YOUR INSTRUCTIONS:
Below is a listing. Write out exactly its lines between the one holding "#25 planter [1026,583,1035,588]" and the one holding "#32 person [369,512,396,550]", inclusive.

= Beginning of Section =

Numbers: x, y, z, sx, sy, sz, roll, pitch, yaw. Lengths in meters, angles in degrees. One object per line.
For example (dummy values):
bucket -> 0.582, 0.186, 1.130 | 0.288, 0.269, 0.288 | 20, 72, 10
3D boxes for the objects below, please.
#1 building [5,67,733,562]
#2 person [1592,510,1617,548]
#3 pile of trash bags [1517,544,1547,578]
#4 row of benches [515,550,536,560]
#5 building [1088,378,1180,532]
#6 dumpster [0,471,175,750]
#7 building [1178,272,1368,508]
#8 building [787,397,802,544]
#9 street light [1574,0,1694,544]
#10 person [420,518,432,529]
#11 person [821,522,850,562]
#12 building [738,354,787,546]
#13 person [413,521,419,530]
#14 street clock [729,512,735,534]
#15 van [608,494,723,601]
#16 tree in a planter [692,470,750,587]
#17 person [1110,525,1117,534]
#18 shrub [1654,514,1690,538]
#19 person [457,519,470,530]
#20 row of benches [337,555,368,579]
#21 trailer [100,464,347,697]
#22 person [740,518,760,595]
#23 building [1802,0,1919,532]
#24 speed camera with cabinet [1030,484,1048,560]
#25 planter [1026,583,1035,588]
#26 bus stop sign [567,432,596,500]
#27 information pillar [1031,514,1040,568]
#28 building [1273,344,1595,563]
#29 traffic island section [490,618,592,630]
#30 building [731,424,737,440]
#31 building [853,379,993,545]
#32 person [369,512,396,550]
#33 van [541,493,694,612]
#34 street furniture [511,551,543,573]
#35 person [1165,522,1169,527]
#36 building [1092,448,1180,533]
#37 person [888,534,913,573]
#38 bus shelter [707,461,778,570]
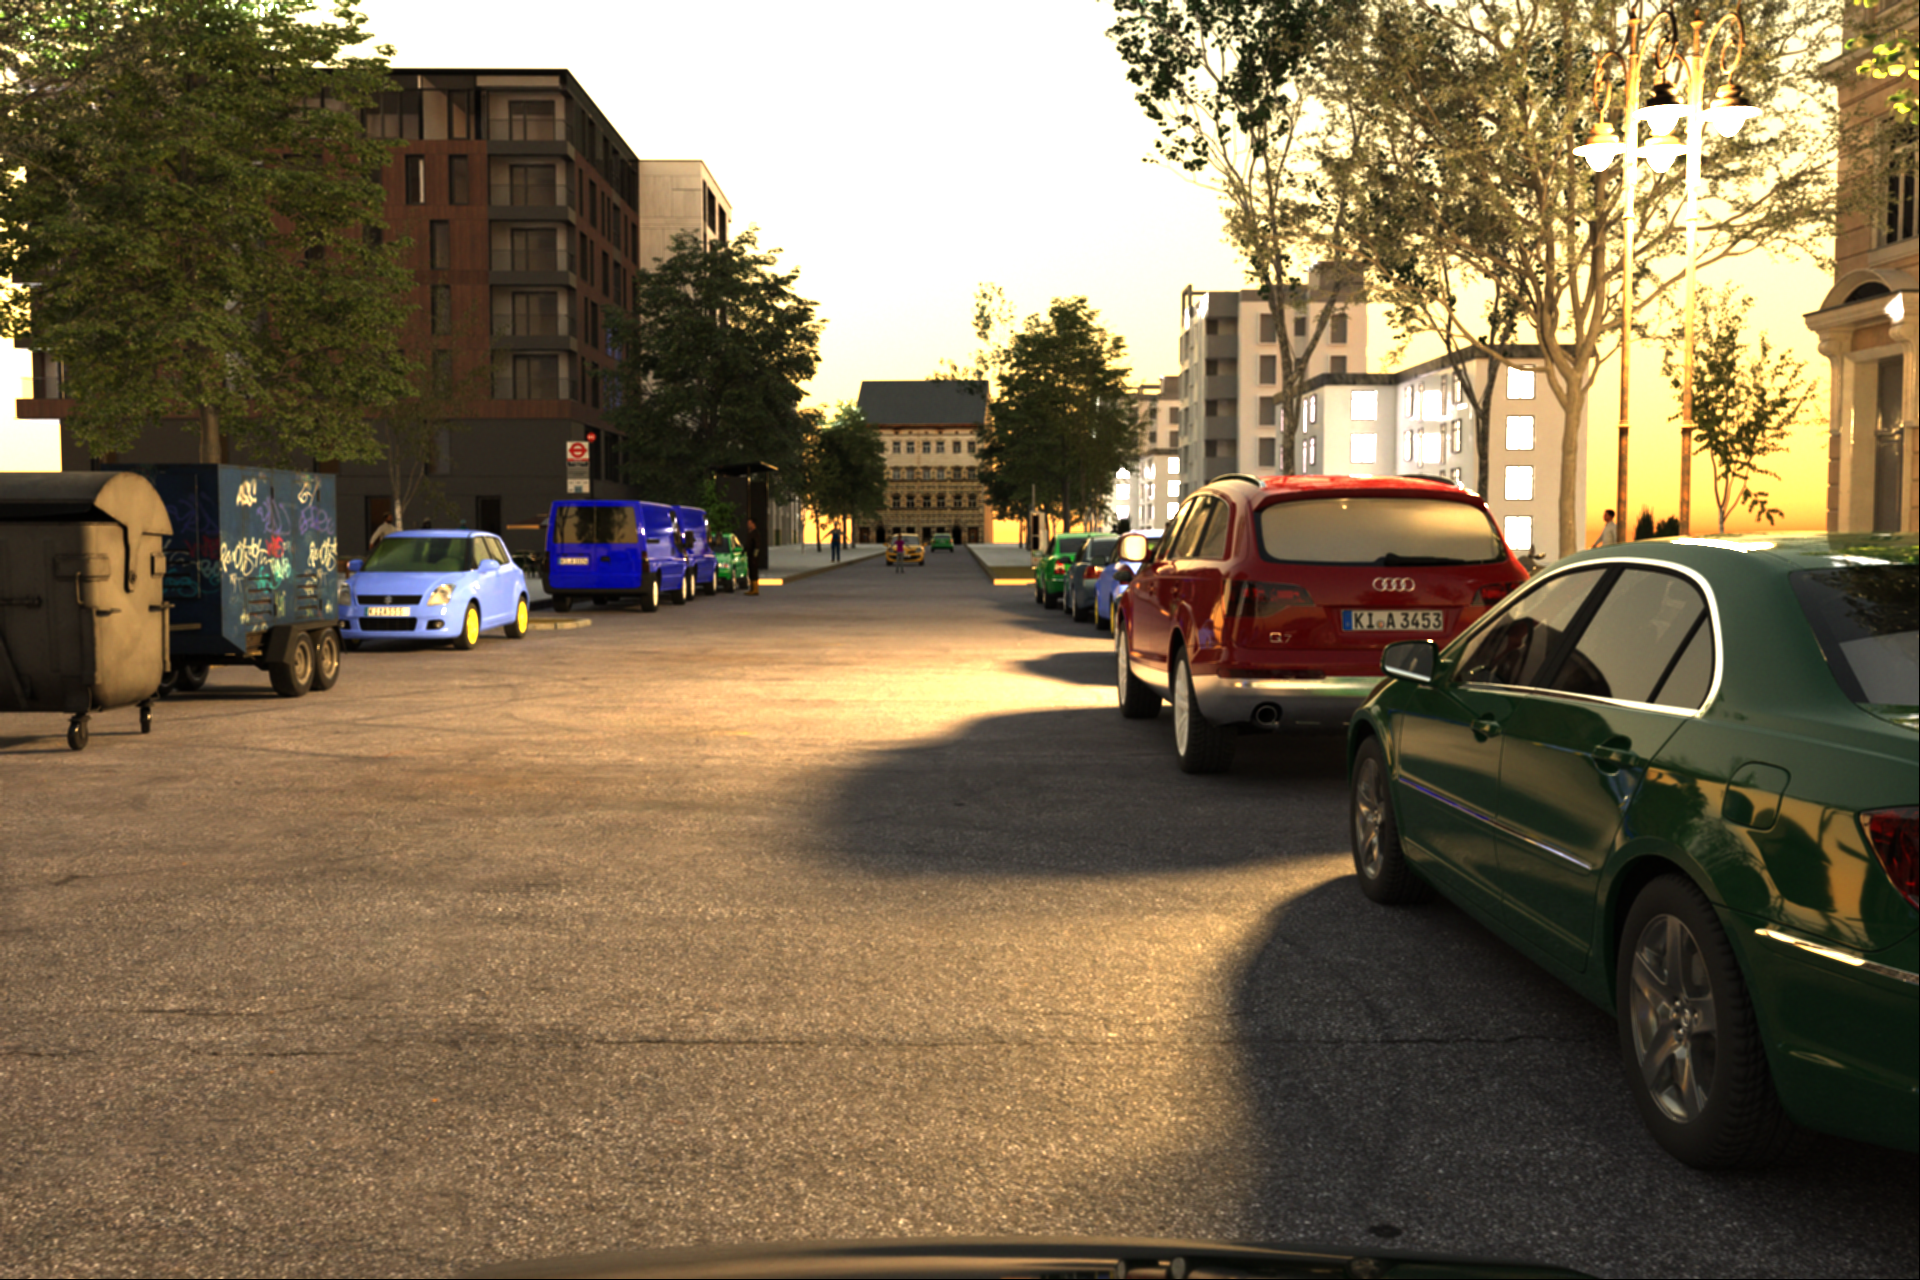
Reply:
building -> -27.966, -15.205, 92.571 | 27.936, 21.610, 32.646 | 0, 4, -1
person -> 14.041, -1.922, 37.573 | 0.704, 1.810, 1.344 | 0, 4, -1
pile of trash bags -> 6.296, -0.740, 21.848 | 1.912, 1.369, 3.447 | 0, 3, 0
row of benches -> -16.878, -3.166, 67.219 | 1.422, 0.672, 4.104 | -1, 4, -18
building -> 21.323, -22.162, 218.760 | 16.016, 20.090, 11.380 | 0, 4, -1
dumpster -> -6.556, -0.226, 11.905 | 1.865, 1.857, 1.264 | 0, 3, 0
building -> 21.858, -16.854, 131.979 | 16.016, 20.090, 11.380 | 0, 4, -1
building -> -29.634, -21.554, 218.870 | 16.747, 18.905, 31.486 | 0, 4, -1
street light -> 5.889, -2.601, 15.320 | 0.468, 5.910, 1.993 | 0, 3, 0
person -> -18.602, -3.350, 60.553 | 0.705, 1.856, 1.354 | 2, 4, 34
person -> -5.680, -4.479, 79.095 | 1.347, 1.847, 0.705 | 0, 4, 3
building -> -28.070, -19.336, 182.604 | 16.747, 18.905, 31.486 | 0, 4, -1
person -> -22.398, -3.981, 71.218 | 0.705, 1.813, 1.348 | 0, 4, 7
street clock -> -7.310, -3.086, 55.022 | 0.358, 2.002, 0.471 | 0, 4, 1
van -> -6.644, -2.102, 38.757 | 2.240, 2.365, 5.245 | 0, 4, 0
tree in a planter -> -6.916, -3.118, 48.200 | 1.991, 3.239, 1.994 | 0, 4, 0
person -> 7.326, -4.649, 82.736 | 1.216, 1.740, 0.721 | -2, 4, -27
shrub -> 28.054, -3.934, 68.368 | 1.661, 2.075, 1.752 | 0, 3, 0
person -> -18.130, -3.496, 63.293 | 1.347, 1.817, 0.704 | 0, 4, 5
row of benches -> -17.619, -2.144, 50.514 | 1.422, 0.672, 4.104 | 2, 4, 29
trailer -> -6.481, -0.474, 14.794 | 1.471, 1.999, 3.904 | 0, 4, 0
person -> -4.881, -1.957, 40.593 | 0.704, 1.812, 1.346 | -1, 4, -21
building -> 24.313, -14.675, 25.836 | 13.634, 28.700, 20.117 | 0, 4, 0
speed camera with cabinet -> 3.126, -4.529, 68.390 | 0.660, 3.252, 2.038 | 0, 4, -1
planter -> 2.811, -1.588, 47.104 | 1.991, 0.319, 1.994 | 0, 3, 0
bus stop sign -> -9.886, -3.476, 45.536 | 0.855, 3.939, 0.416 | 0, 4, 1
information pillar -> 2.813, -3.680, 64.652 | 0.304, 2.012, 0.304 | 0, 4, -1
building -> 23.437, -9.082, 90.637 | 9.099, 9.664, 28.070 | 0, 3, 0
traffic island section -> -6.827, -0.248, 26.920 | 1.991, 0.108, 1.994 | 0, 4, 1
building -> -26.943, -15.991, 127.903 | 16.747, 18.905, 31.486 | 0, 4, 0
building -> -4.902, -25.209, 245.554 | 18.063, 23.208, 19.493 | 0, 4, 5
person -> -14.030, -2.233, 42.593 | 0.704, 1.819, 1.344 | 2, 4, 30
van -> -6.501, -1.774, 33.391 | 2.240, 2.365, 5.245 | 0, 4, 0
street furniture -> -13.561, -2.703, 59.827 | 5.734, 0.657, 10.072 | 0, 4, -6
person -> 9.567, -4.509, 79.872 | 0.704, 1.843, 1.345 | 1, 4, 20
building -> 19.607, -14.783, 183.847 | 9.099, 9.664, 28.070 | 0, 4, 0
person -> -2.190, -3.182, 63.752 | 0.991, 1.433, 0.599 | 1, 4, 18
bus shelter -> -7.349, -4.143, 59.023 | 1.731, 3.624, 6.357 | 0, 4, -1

= End of Section =

ANSWER FOR THE TASK:
#25 planter [1026,583,1035,588]
#26 bus stop sign [567,432,596,500]
#27 information pillar [1031,514,1040,568]
#28 building [1273,344,1595,563]
#29 traffic island section [490,618,592,630]
#30 building [731,424,737,440]
#31 building [853,379,993,545]
#32 person [369,512,396,550]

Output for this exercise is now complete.